Allah'a Giden Yol!

PEYGAMBERİMİZ

Hayatımızın her ânında, âdeta bir gölgenin sahibine olan sadâkati misâli, Rasûlullah -sallâllâhu aleyhi ve sellem- Efendimizʼin bizlere gösterdiği istikâmet üzere yaşamaya gayret etmeliyiz. Öyle ki; O Rahmet Peygamberiʼnin ümmeti olduğumuzu -dilimizden ziyâde- hâl ve davranışlarımız söylemelidir. Oʼnun yolunda ve istikâmetinde olduğumuzu, hâlimiz ifâde etmelidir.

Hak dostlarının çok kıymetli sözlerinden biri şöyledir: «Allâh’a giden yollar, Rasûlullah -sallâllâhu aleyhi ve sellem- Efendimiz’in izini adım adım takip edenlerden başkasına kapalıdır.»

Zira Cenâb-ı Hak:

“Kim Rasûlʼe itaat ederse Allâhʼa itaat etmiş olur…” (en-Nisâ, 80) buyurmaktadır. Allah Rasûlü -sallâllâhu aleyhi ve sellem- kendi hevâ ve hevesinden konuşmayıp sırf Rabbinin emir ve nehiylerini tebliğ ettiği içindir ki Cenâb-ı Hak, iki itaati birleştirmekte ve Rasûlʼüne itaatin, kendisine itaat mânâsına geldiğini beyân etmektedir.

Yine Cenâb-ı Hak bir başka âyet-i kerîmede de:

(Rasûlʼüm!) De ki: Eğer Allâhʼı seviyorsanız bana uyunuz ki Allah da sizi sevsin ve günahlarınızı bağışlasın…” (Âl-i İmrân, 31) buyurmaktadır.
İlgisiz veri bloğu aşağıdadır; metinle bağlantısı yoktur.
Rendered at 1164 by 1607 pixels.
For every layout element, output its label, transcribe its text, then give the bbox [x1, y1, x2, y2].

Demek ki kulu Allâhʼa muhabbet deryasına ulaştıracak yegâne rahmet ve muhabbet pınarı, Rasûl-i Ekrem -sallâllâhu aleyhi ve sellem- Efendimizʼdir. Allâh’a giden yol, Oʼnun Sevgili Rasûlüʼne duyulan muhabbet ve itaatten geçmektedir. Oʼnun sünnetine uymayan, Oʼnun yolundan gitmeyen hiç kimse; Allâhʼın rahmet ve mağfiretine, muhabbet ve rızâsına nâil olamaz.

PEYGAMBERİMİZ GİBİ YAŞAMAYA GAYRET ETMELİYİZ

Yine âyet-i kerîmede Rabbimiz şöyle buyurmaktadır:

(Rasûlʼüm!) Onu Rûhuʼl-Emîn (Cebrâîl), uyarıcılardan olasın diye, apaçık Arap diliyle, Senʼin kalbine indirmiştir.” (eş-Şuarâ, 193-195)
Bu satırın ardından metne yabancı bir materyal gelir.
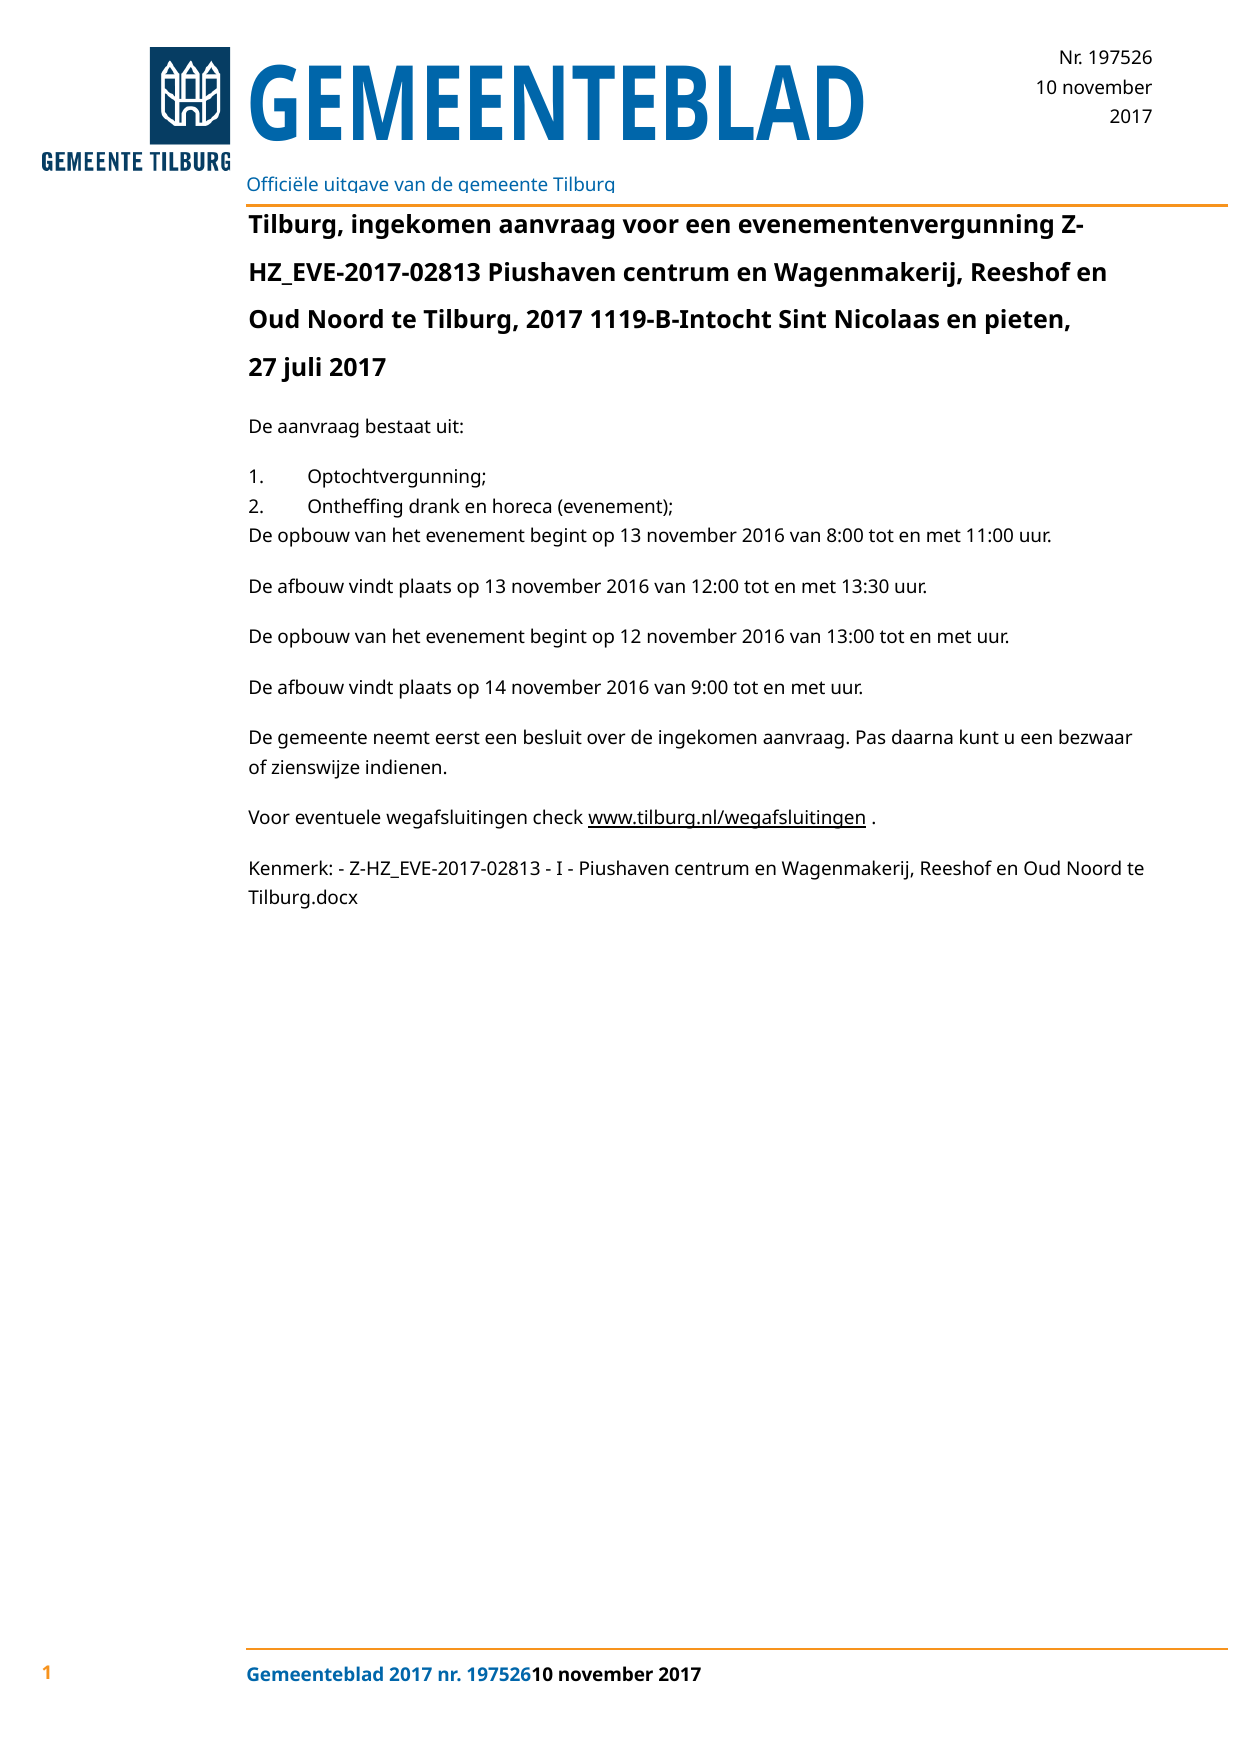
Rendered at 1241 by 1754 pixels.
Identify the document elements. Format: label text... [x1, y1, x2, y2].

text Tilburg, ingekomen aanvraag voor een evenementenvergunning Z-HZ_EVE-2017-02813 Piushaven centrum en Wagenmakerij, Reeshof en Oud Noord te Tilburg, 2017 1119-B-Intocht Sint Nicolaas en pieten, 27 juli 2017 [248, 207, 1152, 384]
text De aanvraag bestaat uit: [248, 413, 1152, 439]
text Voor eventuele wegafsluitingen check www.tilburg.nl/wegafsluitingen . [248, 804, 1152, 830]
text De opbouw van het evenement begint op 12 november 2016 van 13:00 tot en met uur. [248, 623, 1152, 649]
text De gemeente neemt eerst een besluit over de ingekomen aanvraag. Pas daarna kunt u een bezwaar of zienswijze indienen. [248, 724, 1152, 780]
picture [41, 47, 231, 172]
text Kenmerk: - Z-HZ_EVE-2017-02813 - I - Piushaven centrum en Wagenmakerij, Reeshof en Oud Noord te Tilburg.docx [248, 855, 1152, 910]
list Ontheffing drank en horeca (evenement); [248, 493, 1152, 519]
text De opbouw van het evenement begint op 13 november 2016 van 8:00 tot en met 11:00 uur. [248, 523, 1152, 548]
text De afbouw vindt plaats op 13 november 2016 van 12:00 tot en met 13:30 uur. [248, 573, 1152, 599]
text De afbouw vindt plaats op 14 november 2016 van 9:00 tot en met uur. [248, 674, 1152, 700]
list Optochtvergunning; [248, 463, 1152, 489]

Demek ki Fahr-i Kâinât Efendimizʼin kalp âleminden hisse almamız zarûrîdir. Zira Oʼnu kalben tanımadan, Oʼnun gönül dokusundan hisse almadan, Oʼnun yaşadığı gibi yaşamaya gayret etmeden; ne Kurʼân-ı Kerîmʼi tam olarak idrâk edebiliriz, ne îmânımız tam bir îmân olur, ne ibadetimiz ibadet, ne de ahlâkımız ahlâk olur.

KULLUĞUN EN MAKBUL ŞEKLİ O’NUN ŞAHSINDA

Cenâb-ı Hak kendisine yapılacak kulluğun en mükemmel ve makbul şeklini, Rasûlʼünün şahsında sergilemiştir. Bu itibarla, ibadette, muâşerette, ahlâkta, hak ve hukuka riâyette Efendimizʼle beraberliğimiz, Oʼna yakınlık ve benzerliğimiz hangi seviyedeyse, Hak katındaki değerimiz de ancak o seviyededir.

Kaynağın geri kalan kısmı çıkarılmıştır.